Question

\[\int\frac{x \sin^{- 1} x}{\left( 1 - x^2 \right)^{3/2}} \text{ dx}\]

Answer 1

\[\text{We have}, \]

\[I = \int\frac{x \sin^{- 1} x}{\left( 1 - x^2 \right)^\frac{3}{2}} dx\]

\[\text{ Putting  sin}^{- 1} x = \theta\]

\[ \Rightarrow x = \sin\theta\]

\[ \Rightarrow dx = \cos\text{ θ    dθ}\]

\[ \therefore I = \int\frac{\text{ sin θ   θ  cosθ  dθ }}{\left( 1 - \sin^2 \theta \right)^\frac{3}{2}}\]

\[ = \int\frac{\theta \sin\theta \cos\text{ θ    dθ}}{\left( \cos^2 \theta \right)^\frac{3}{2}}\]
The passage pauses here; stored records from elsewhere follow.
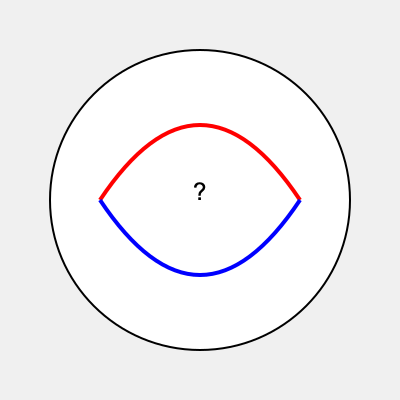Analyze the abstract artwork above. How might this image symbolize the concept of freedom of speech, and what philosophical implications does it suggest about the nature of expression in society? 1. Visual elements:
   - Circle: Represents unity, wholeness, or a global perspective
   - Red arc: Could symbolize passion, intensity, or restrictions
   - Blue arc: Might represent calmness, reason, or openness
   - Question mark: Indicates uncertainty or inquiry

2. Symbolic interpretation:
   - The circle encapsulates the entire composition, suggesting that freedom of speech exists within societal boundaries
   - The contrasting red and blue arcs create a yin-yang-like balance, implying the need for equilibrium in discourse
   - The arcs intersect at two points, potentially representing the meeting of diverse ideas or perspectives
   - The central question mark encourages critical thinking and questioning of established norms

3. Philosophical implications:
   - Duality of freedom: The artwork suggests that freedom of speech involves both passionate expression (red) and rational discourse (blue)
   - Boundaries of expression: The circular border implies that even in free societies, speech may have limits or consequences
   - Dialectical nature: The intersecting arcs suggest that truth or progress emerges from the clash of opposing viewpoints
   - Uncertainty and inquiry: The question mark emphasizes the role of continuous questioning in maintaining a free society

4. Societal reflection:
   - The image invites viewers to consider the complex nature of free speech in modern society
   - It challenges us to reflect on how we balance passionate beliefs with reasoned debate
   - The artwork suggests that freedom of speech is not a static concept but an ongoing negotiation

5. Poetic interpretation:
   - The composition could be seen as a metaphorical "eye" of society, observing and questioning itself
   - The flowing lines might represent the fluid nature of ideas and discourse in a free society
Answer: Balance between passion and reason within societal boundaries, emphasizing critical inquiry and dialectical progress. 
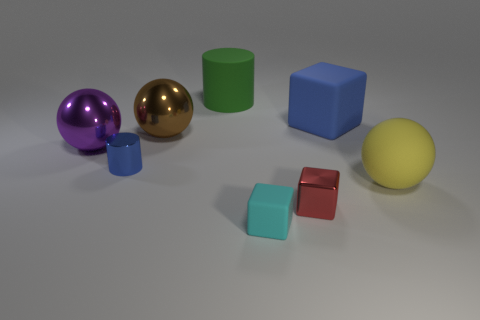How many objects in the image are spherical in shape? In the image, there are two spherical objects: one is a purple sphere, and the other is a yellow sphere. 
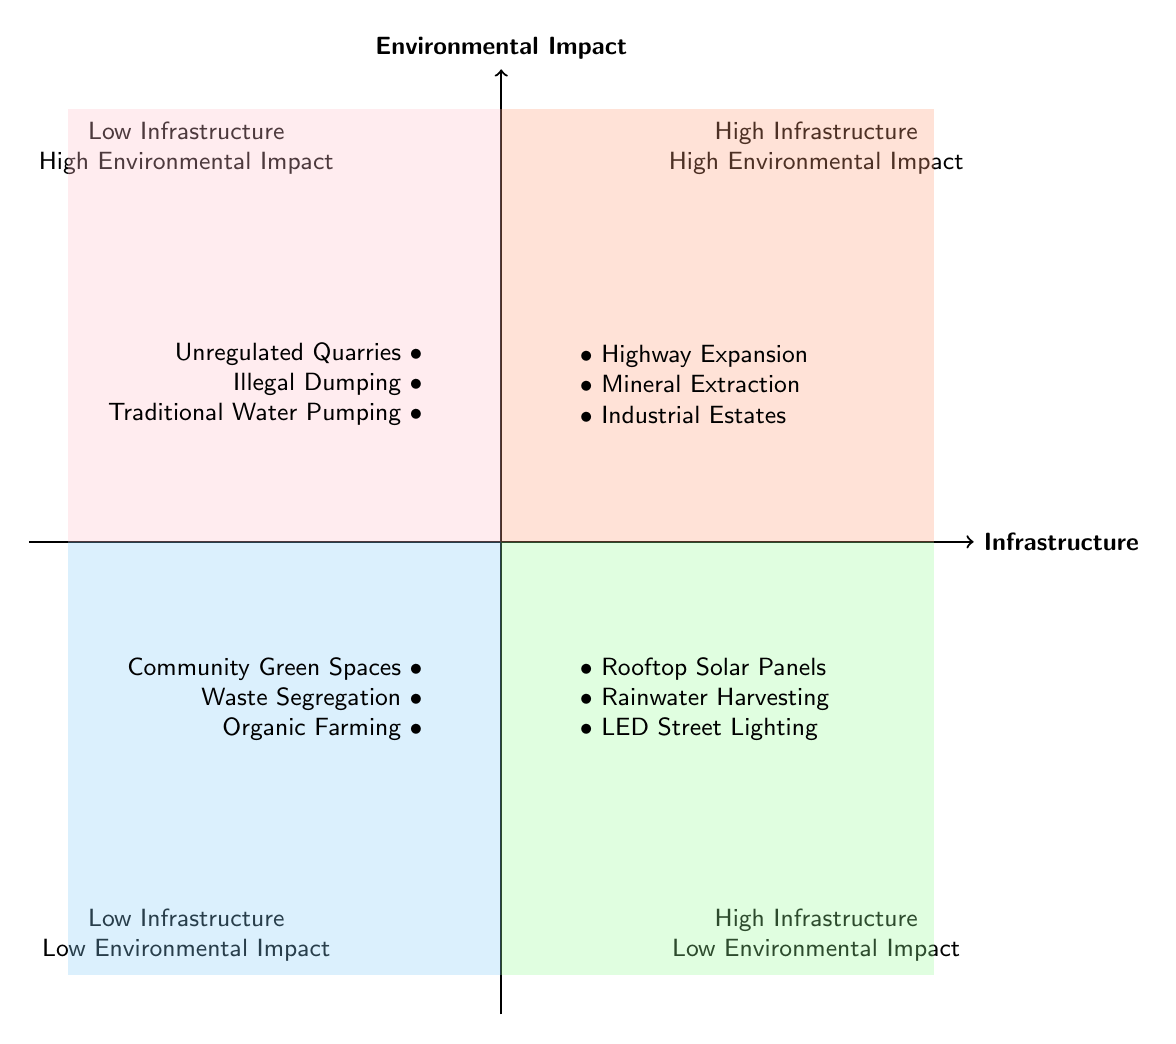What are some examples of projects in the "High Infrastructure - Low Environmental Impact" quadrant? The diagram indicates three projects in this quadrant: Rooftop Solar Panels, Rainwater Harvesting Systems, and LED Street Lighting.
Answer: Rooftop Solar Panels, Rainwater Harvesting Systems, LED Street Lighting How many projects are listed in the "Low Infrastructure - High Environmental Impact" quadrant? The quadrant contains three projects: Unregulated Local Quarries, Illegal Dumping Grounds, and Traditional Water Pumping Methods. Therefore, there are three projects total in this quadrant.
Answer: 3 Which quadrant contains Highway Expansion Projects? According to the diagram, Highway Expansion Projects are located in the "High Infrastructure - High Environmental Impact" quadrant.
Answer: High Infrastructure - High Environmental Impact What is the environmental impact level of "Community Green Spaces"? The diagram shows that Community Green Spaces fall under the "Low Infrastructure - Low Environmental Impact" quadrant, indicating a low environmental impact level.
Answer: Low Environmental Impact Which quadrant has projects that are high in both infrastructure and environmental impact? The diagram clearly specifies that the quadrant for high infrastructure and high environmental impact is labeled as "High Infrastructure - High Environmental Impact".
Answer: High Infrastructure - High Environmental Impact What type of projects are included in "Low Infrastructure - Low Environmental Impact"? The projects in this quadrant include Community Green Spaces, Waste Segregation Initiatives, and Organic Farming Programs, all reflecting low infrastructure and low environmental impact.
Answer: Community Green Spaces, Waste Segregation Initiatives, Organic Farming Programs In which quadrant will you find Industrial Estate Development? Industrial Estate Development is categorized in the "High Infrastructure - High Environmental Impact" quadrant according to the information in the diagram.
Answer: High Infrastructure - High Environmental Impact What is the main characteristic of the projects in the "Low Infrastructure - High Environmental Impact" quadrant? This quadrant features projects that contribute to significant environmental harm despite having low infrastructure, such as Unregulated Local Quarries.
Answer: Significant environmental harm Which quadrant represents a balance between infrastructure development and environmental responsibility? The "High Infrastructure - Low Environmental Impact" quadrant indicates a balance by featuring projects that enhance infrastructure while minimizing environmental concerns.
Answer: High Infrastructure - Low Environmental Impact

\[ = \int\theta\frac{\sin\theta}{\cos^2 \theta} d\theta\]

\[ = \int \theta_I \sec \theta_{II}  \tan   \text{ θ    dθ}\]

\[ = \theta \times \sec\theta - \int1 \times \sec\text{ θ    dθ}\]

\[ = \theta \times \sec\theta - \int\sec \text{ θ    dθ}\]

\[ = \theta \times \sec\theta - \text{ log }\left| \sec\theta + \tan\theta \right| + C\]

\[ = \frac{\theta}{\cos\theta} - \text{ log }\left| \frac{1}{\cos\theta} + \frac{\sin\theta}{\cos\theta} \right| + C\]

\[ = \frac{\theta}{\sqrt{1 - \sin^2 \theta}} - \text{ log }\left| \frac{1 + \sin\theta}{\cos\theta} \right| + C\]

\[ = \frac{\theta}{\sqrt{1 - \sin^2 \theta}} - \text{ log }\left| \frac{1 + \sin\theta}{\sqrt{1 - \sin^2 \theta}} \right| + C\]

\[ = \frac{\theta}{\sqrt{1 - \sin^2 \theta}} - \text{ log} \left| \frac{\sqrt{1 + \sin\theta}}{\sqrt{1 - \sin\theta}} \right| + C\]

\[ = \frac{\sin^{- 1} x}{\sqrt{1 - x^2}} - \text{ log }\left| \frac{\sqrt{1 + x}}{\sqrt{1 - x}} \right| + C\]

\[ = \frac{\sin^{- 1} x}{\sqrt{1 - x^2}} - \frac{1}{2} \text{ log} \left| \frac{1 + x}{1 - x} \right| + C\]